Я встаю и потягиваюсь, даже приподнимаюсь на цыпочки, в спине приятно хрустят позвонки. Мне легко, самое последнее, что еще держало меня, отпустило, без боли, совсем не цепляясь, я даже не заметила, в какой именно момент. Я хочу спать, думаю я с улыбкой, наверное, уже поздно, это был чудной, дождливый день, который все пустил наперекосяк. Ну и хорошо, что наперекосяк, ну и хорошо, что я хочу спать.
Я стелю свежую постель, она еще пахнет чистотой и влажностью стирки и как будто духами. Я раздеваюсь, мне хочется спать голой, как когда-то давно, чтобы ничего не сдерживало, не сдавливало, не тянуло вниз. Я ложусь, и постель скользит по мне, принимая, и я разбрасываю себя свободно, независимо. Как хорошо! – говорю я себе.
Я лежу на спине и вижу в темноте потолок, сгрудившуюся одежду на стуле, сам стул, – я поворачиваю голову, – тумбочку, лампу на тумбочке, под лампой – книга. Мне расхотелось спать, слишком легко и свободно для сна, непривычно много воздуха. Да, именно так, то, что держало меня, вышло, и высвободившееся место заполнилось воздухом. Оттого и легко.

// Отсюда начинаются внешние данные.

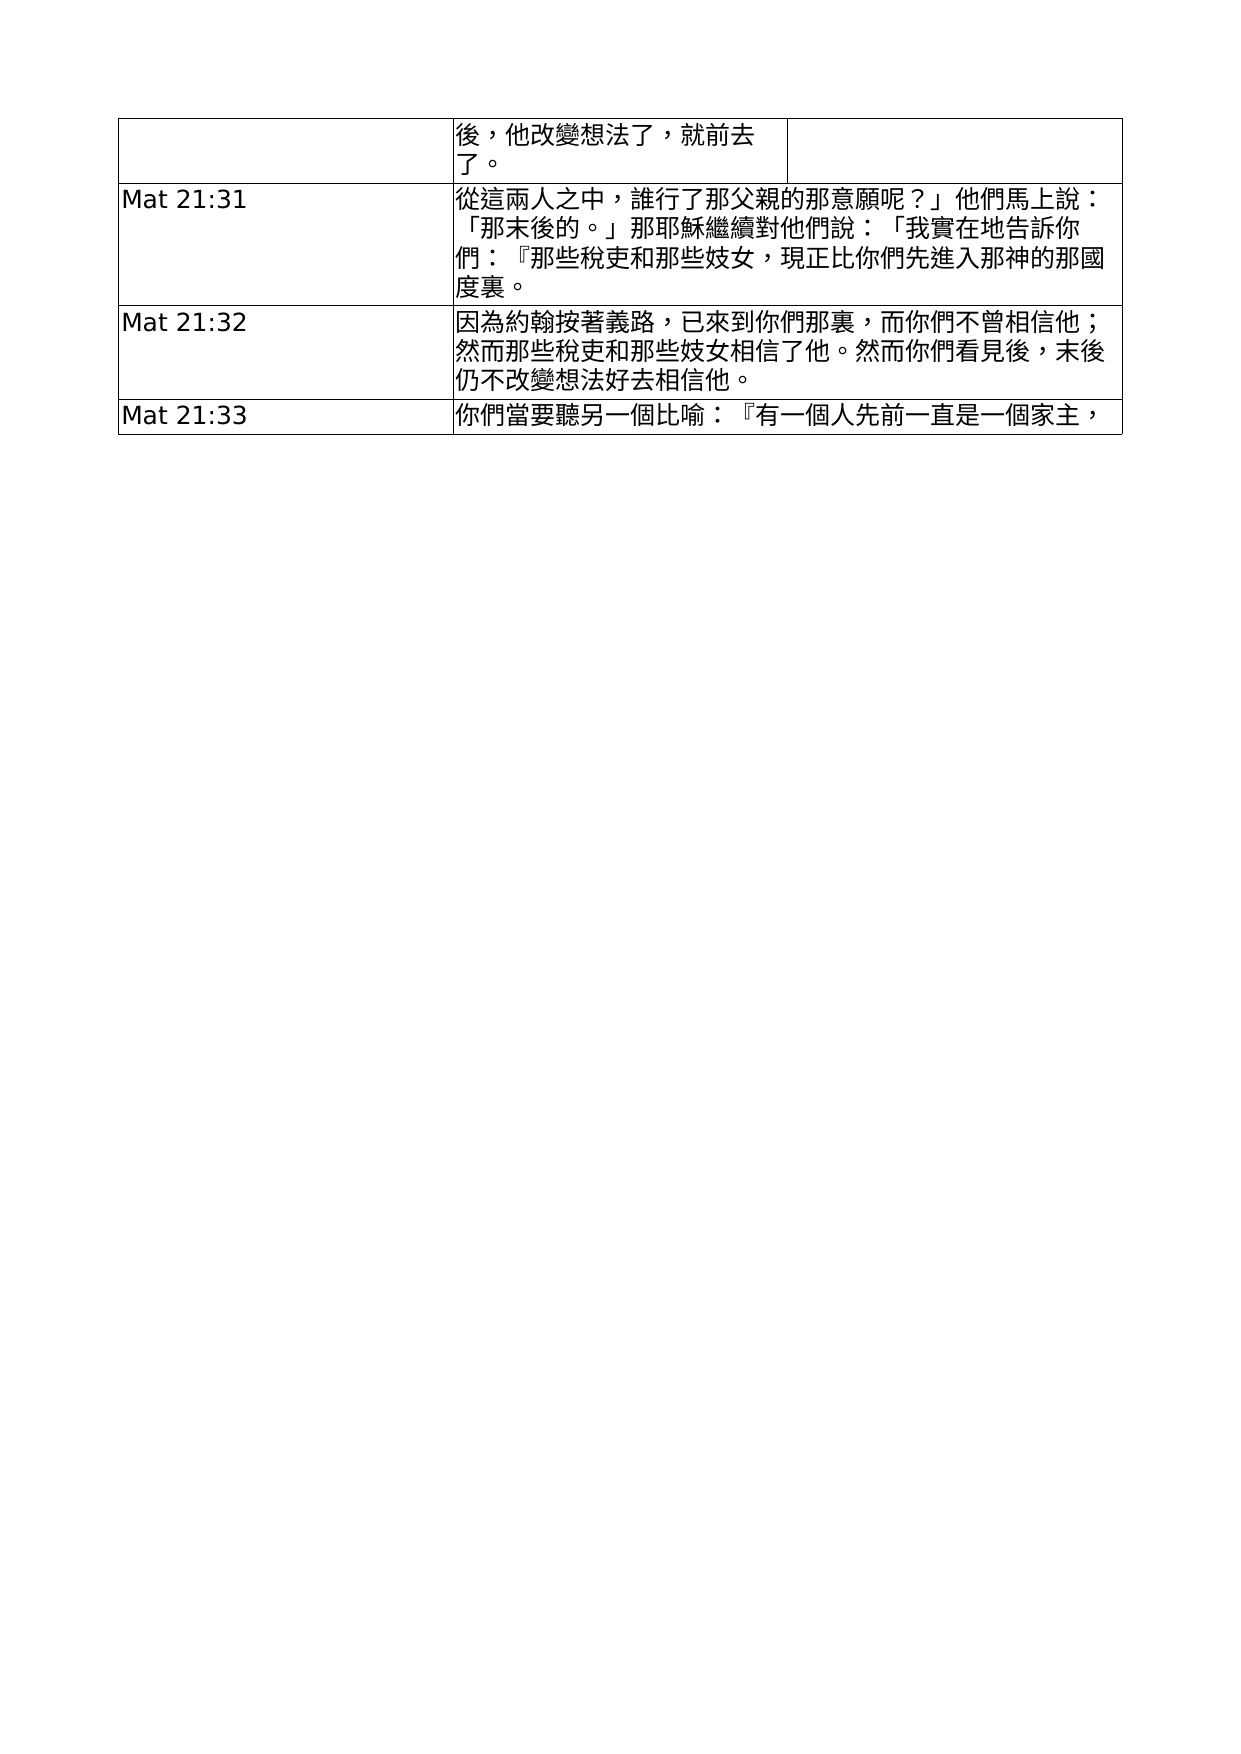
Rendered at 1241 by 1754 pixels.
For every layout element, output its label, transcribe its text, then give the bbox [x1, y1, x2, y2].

table_cell 你們當要聽另一個比喻：『有一個人先前一直是一個家主， [454, 400, 1122, 433]
table_cell [788, 119, 1122, 182]
table_cell Mat 21:33 [119, 400, 453, 433]
table_cell [119, 119, 453, 182]
table_cell Mat 21:31 [119, 184, 453, 305]
table_cell Mat 21:32 [119, 306, 453, 398]
table_cell 後，他改變想法了，就前去了。 [454, 119, 787, 182]
table_cell 因為約翰按著義路，已來到你們那裏，而你們不曾相信他；然而那些稅吏和那些妓女相信了他。然而你們看見後，末後仍不改變想法好去相信他。 [454, 306, 1122, 398]
table_cell 從這兩人之中，誰行了那父親的那意願呢？」他們馬上說：「那末後的。」那耶穌繼續對他們說：「我實在地告訴你們：『那些稅吏和那些妓女，現正比你們先進入那神的那國度裏。 [454, 184, 1122, 305]
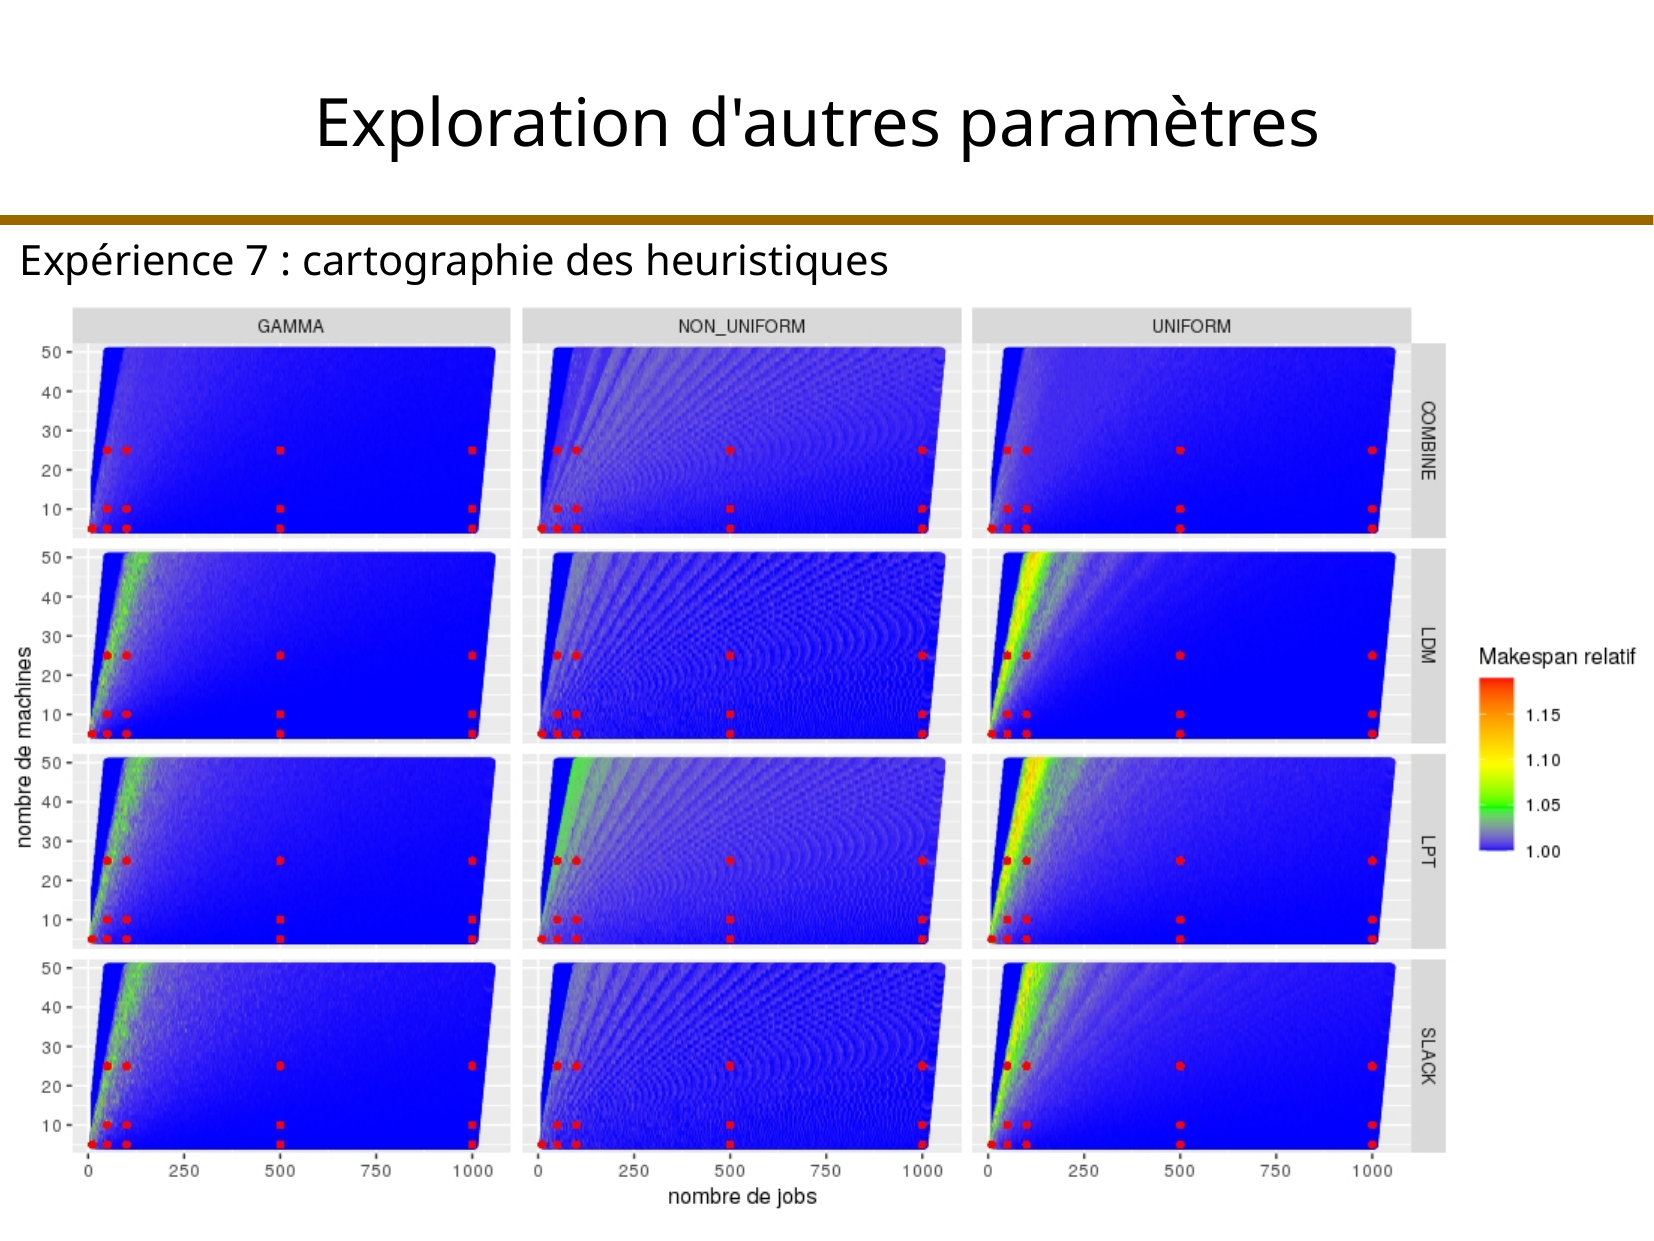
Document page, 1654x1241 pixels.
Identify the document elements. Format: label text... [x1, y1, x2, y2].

text_box Expérience 7 : cartographie des heuristiques [4, 223, 1087, 286]
picture [4, 297, 1654, 1219]
title Exploration d'autres paramètres [82, 51, 1571, 191]
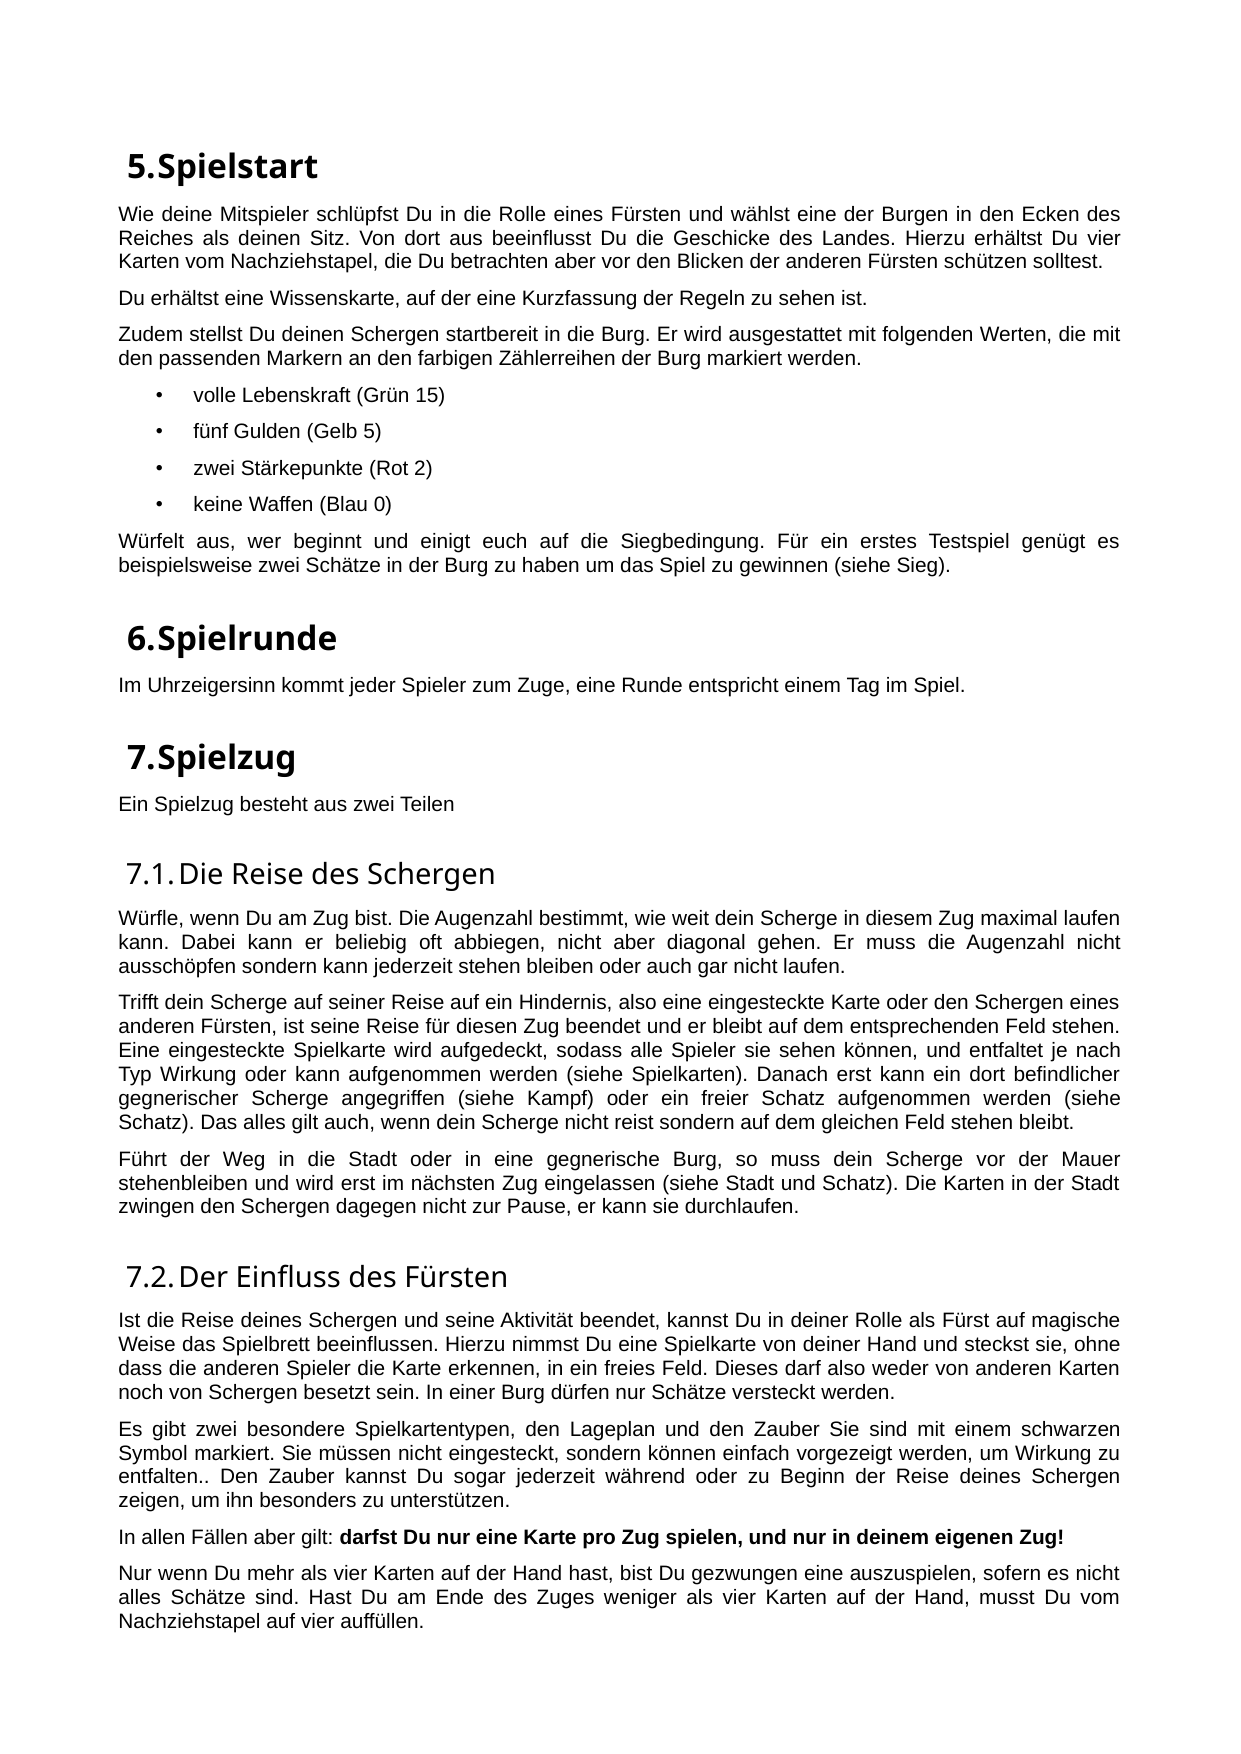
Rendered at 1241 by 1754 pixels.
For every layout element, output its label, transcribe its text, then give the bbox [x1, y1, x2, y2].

Я включаю лампу и беру книгу, но я не хочу рассуждений, я опасаюсь их ассоциативной силы, мне нечего больше вспоминать, я боюсь переусердствовать. Но если бы мне попался рассказик, говорю я себе, типа того, про танцора, было бы хорошо, рассказ бы я почитала. Я листаю, я не знаю, как отличить рассказ от других параграфов, я начинаю листать медленнее. Мне везет, под номером стоит заглавие. «Заглавие ведет к рассказу, это я уже знаю», – говорю я вслух и упираюсь локтем в подушку.
ПОСЛЕДНЯЯ ПОДСКАЗКА Марк Штайм, в сбитом набок картузе, в поношенном пиджаке, в мятых брюках, сползающих с его выпирающих колких бедер, в широких и тяжелых ботинках на босу ногу, сидел на скамейке в сквере и думал. То, что он плохо одет, говорили ему часто и многие, особенно женщины. Тем не менее порой они неистово стремились прорвать отчужденность и оказаться внутри его замкнутого мира, ко, когда им это удавалось, они, к своему удивлению, в нем ничего не находили, кроме невнимательного взгляда и нехорошо пахнущего белья. К тому же их порыв изменить его одеждой, походкой ни к чему не приводил, и они, раздражаясь, тогда и говорили ему, что он плохо одет и что ему надо пользоваться какими-нибудь духами или дезодорантом, в конце концов.
Не менялся же он по трем причинам. Во-первых, он любил старую, привычную, привязавшуюся к телу одежду и только в ней чувствовал себя удобно. Потом ему было абсолютно все равно, как и во что он одет, и к тому же у него, как правило, не было денег. У него имелся, впрочем, фрак, новый, вернее, не новый, а почти неношеный, он надевал его всего несколько раз, когда ходил на приемы, на которые его почему-то приглашали. Но в нем он как раз чувствовал себя неуклюжим, растерянным, он не знал, куда деть руки, и ему казалось, что на него смотрят именно из-за его неловкости и даже указывают глазами. На него действительно указывали глазами, но по другой причине, многие почитали его гением, пусть непризнанным, но ведь именно таким гениям и следует быть, особенно художникам.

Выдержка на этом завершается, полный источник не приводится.